PROVIDED INFORMATION ::
+++

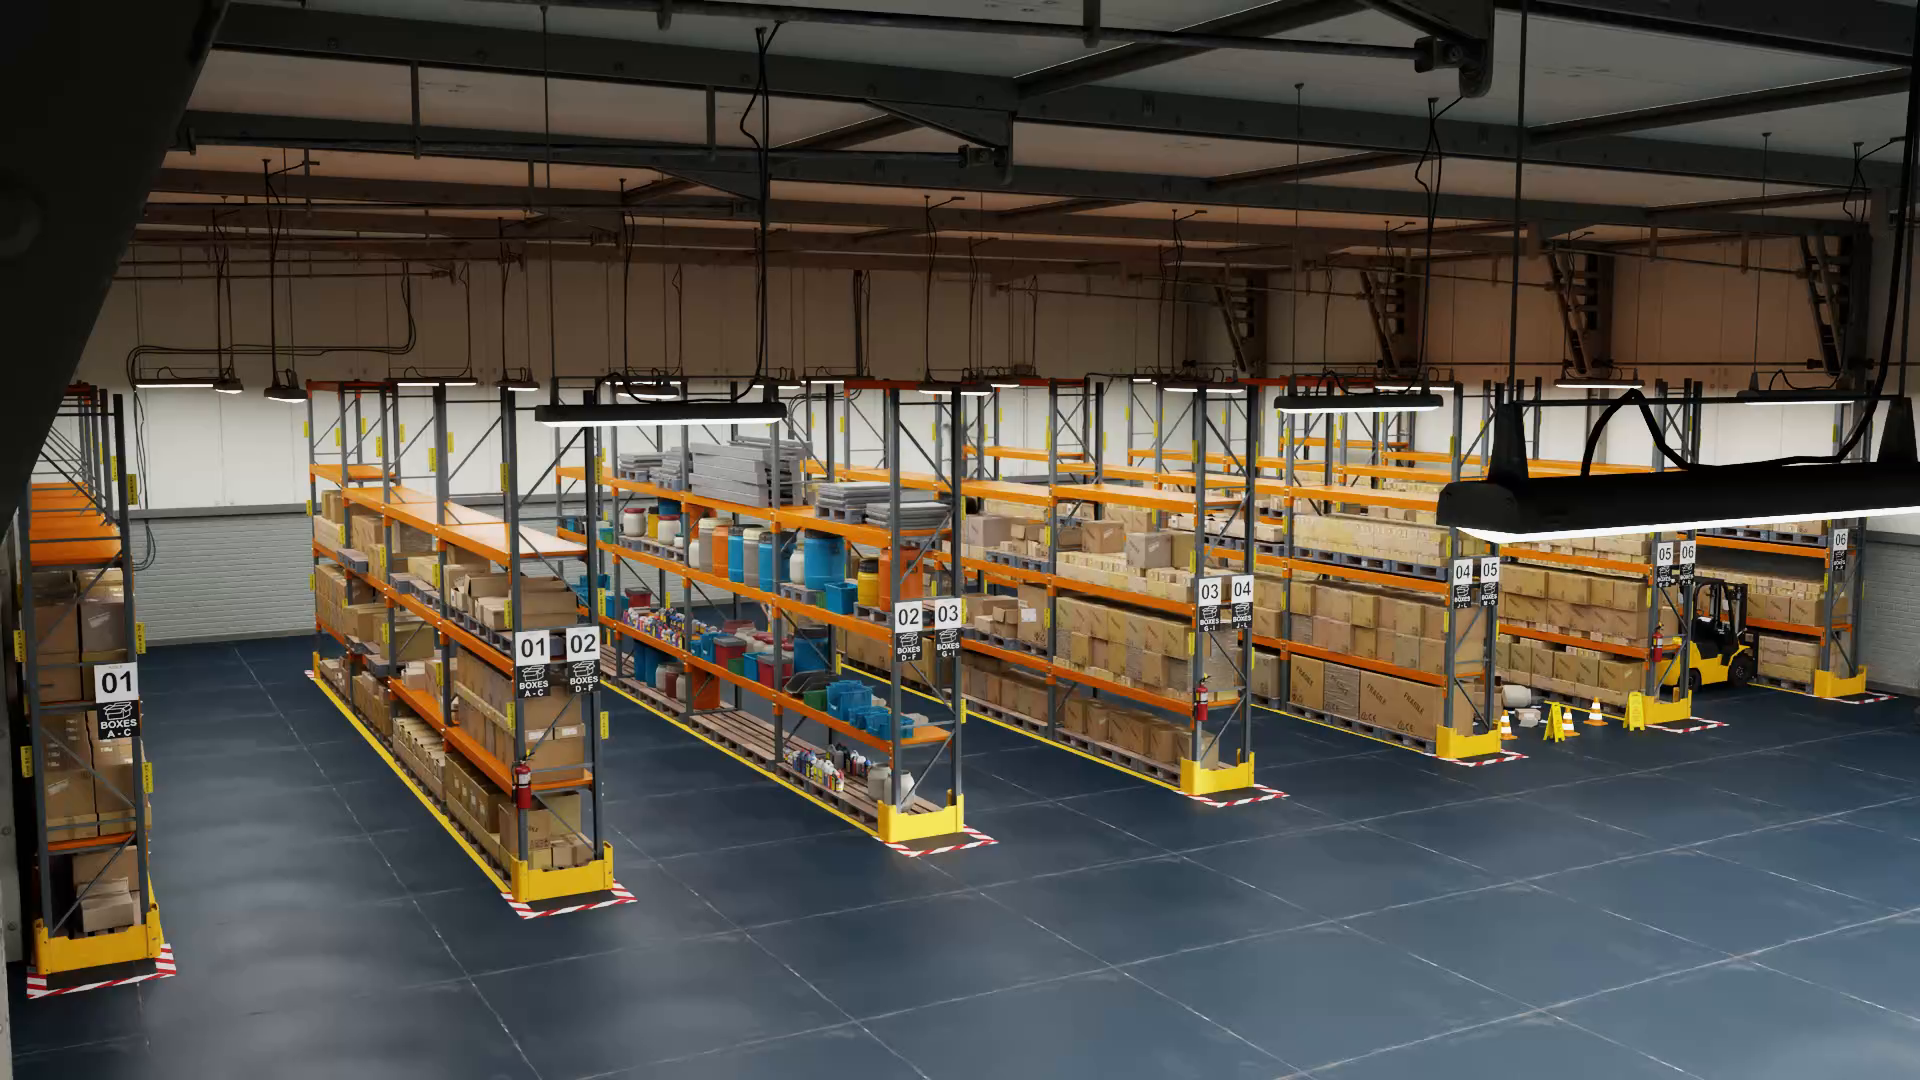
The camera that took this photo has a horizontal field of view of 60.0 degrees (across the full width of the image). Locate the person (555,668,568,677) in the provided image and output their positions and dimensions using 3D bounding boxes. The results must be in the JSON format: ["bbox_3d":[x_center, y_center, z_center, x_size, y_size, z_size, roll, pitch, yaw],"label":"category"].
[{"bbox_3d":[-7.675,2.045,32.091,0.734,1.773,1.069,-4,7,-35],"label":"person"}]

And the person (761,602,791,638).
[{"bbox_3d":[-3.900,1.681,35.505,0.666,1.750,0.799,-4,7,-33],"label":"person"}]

+++

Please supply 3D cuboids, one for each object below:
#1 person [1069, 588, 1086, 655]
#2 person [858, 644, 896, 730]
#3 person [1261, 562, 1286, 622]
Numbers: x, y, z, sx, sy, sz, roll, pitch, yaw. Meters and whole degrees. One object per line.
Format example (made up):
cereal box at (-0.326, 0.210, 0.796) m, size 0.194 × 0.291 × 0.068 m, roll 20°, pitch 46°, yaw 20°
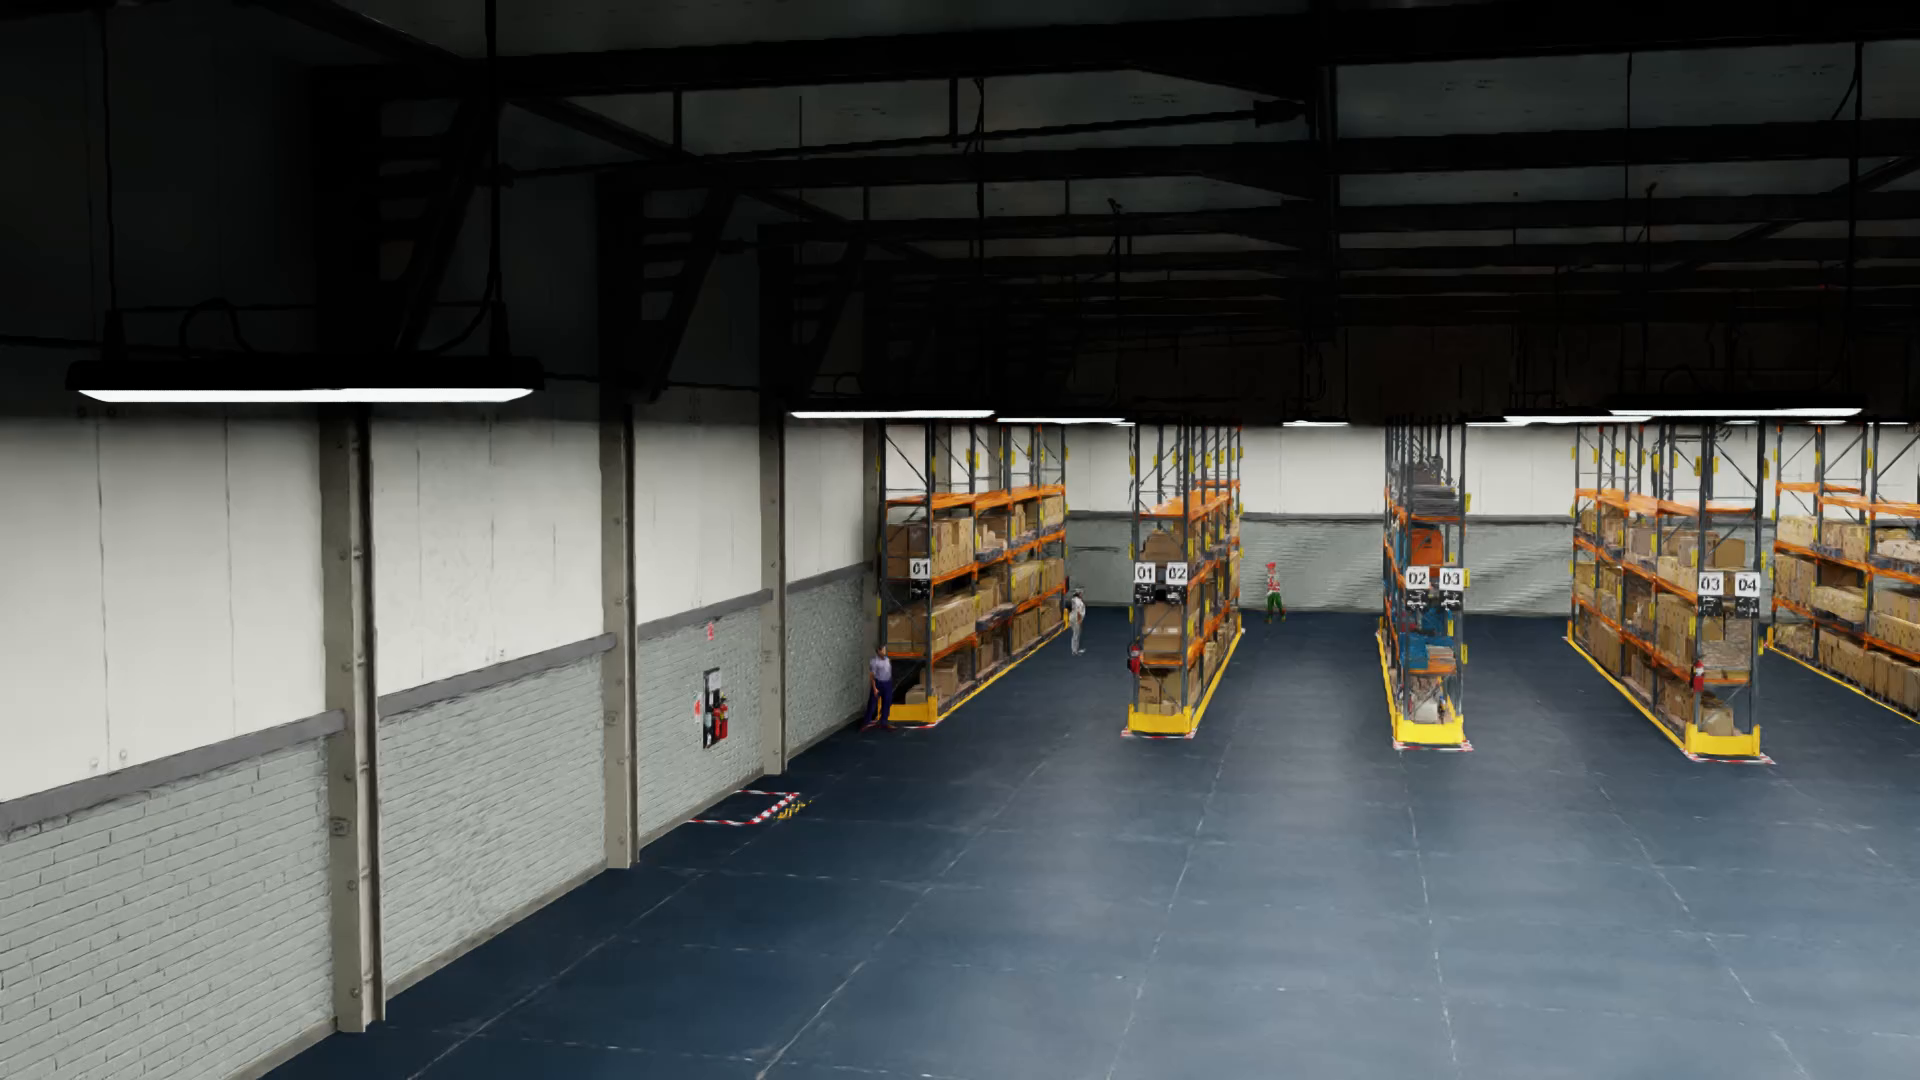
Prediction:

+++

PROBLEM DETAILS :: Search the entries above for the string "object", and report each line where it occurs.

YOUR RESPONSE ::
Please supply 3D cuboids, one for each object below:
Numbers: x, y, z, sx, sy, sz, roll, pitch, yaw. Meters and whole degrees. One object per line.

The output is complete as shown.